This exercise calls for copying every line below that holds the word "outcomes".

■ **GIVEN RECORDS**
============
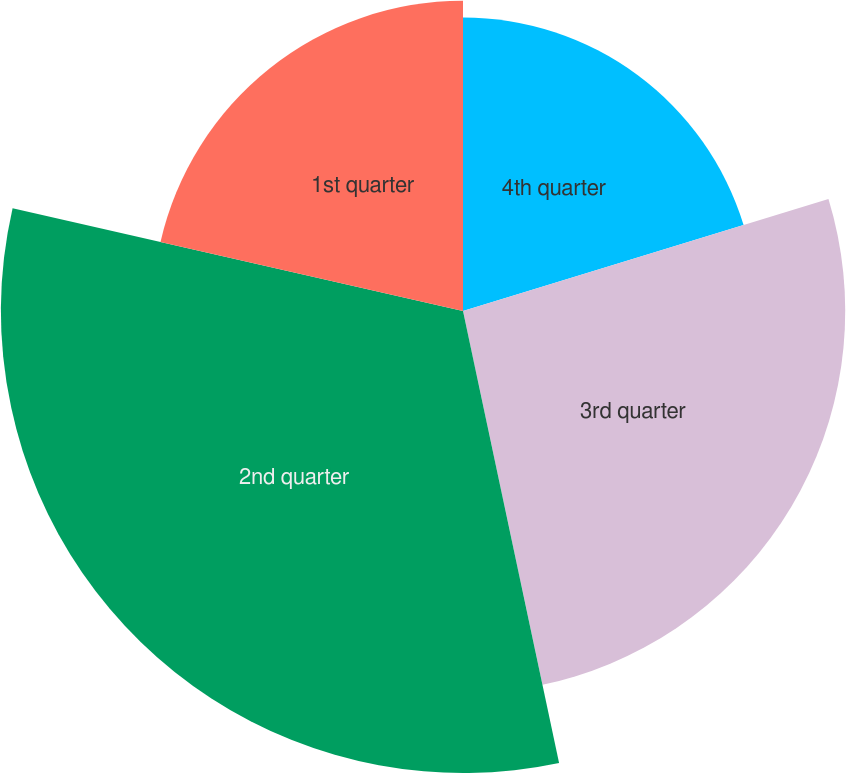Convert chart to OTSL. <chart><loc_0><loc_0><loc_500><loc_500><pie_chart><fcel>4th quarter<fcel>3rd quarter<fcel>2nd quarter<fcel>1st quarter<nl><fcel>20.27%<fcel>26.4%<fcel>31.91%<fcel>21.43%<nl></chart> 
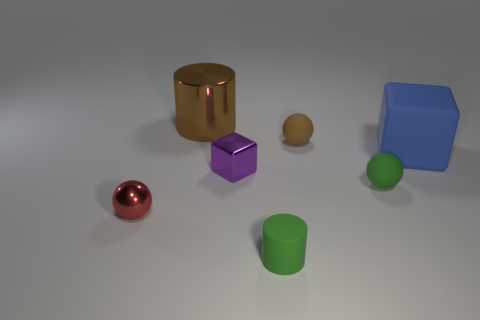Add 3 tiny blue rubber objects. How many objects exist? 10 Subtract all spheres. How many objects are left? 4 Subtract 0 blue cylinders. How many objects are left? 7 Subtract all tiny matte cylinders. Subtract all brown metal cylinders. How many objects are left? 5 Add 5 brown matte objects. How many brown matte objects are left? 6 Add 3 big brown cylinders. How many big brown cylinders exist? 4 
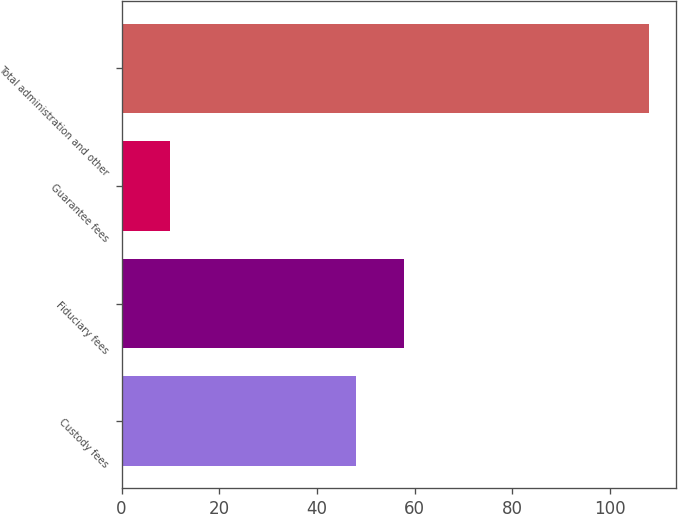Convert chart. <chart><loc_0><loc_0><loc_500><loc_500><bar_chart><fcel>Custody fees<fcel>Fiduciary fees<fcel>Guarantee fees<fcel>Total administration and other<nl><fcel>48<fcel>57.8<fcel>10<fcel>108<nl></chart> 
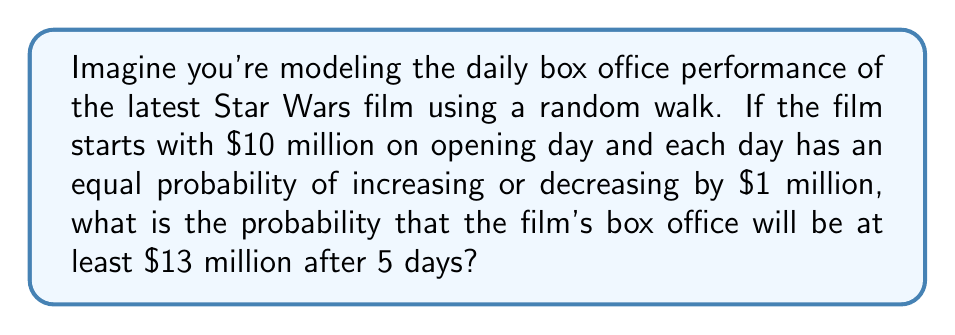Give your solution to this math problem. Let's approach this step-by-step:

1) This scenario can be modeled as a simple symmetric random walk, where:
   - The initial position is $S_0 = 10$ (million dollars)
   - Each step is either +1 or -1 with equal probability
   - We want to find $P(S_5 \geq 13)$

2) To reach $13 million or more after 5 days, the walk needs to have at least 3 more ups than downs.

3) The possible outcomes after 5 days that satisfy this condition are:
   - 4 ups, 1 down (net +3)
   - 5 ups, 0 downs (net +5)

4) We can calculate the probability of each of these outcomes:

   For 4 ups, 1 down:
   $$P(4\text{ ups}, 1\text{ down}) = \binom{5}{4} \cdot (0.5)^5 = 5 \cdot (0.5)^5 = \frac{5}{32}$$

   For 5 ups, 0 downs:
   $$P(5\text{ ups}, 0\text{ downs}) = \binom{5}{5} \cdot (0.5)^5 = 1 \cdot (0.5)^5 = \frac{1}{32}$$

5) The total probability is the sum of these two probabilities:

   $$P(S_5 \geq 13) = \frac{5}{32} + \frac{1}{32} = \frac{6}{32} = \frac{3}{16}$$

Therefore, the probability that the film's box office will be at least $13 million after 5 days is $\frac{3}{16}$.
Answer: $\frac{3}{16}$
============
■ **SOLUTION**
3) The possible outcomes after 5 days that satisfy this condition are:
4) We can calculate the probability of each of these outcomes:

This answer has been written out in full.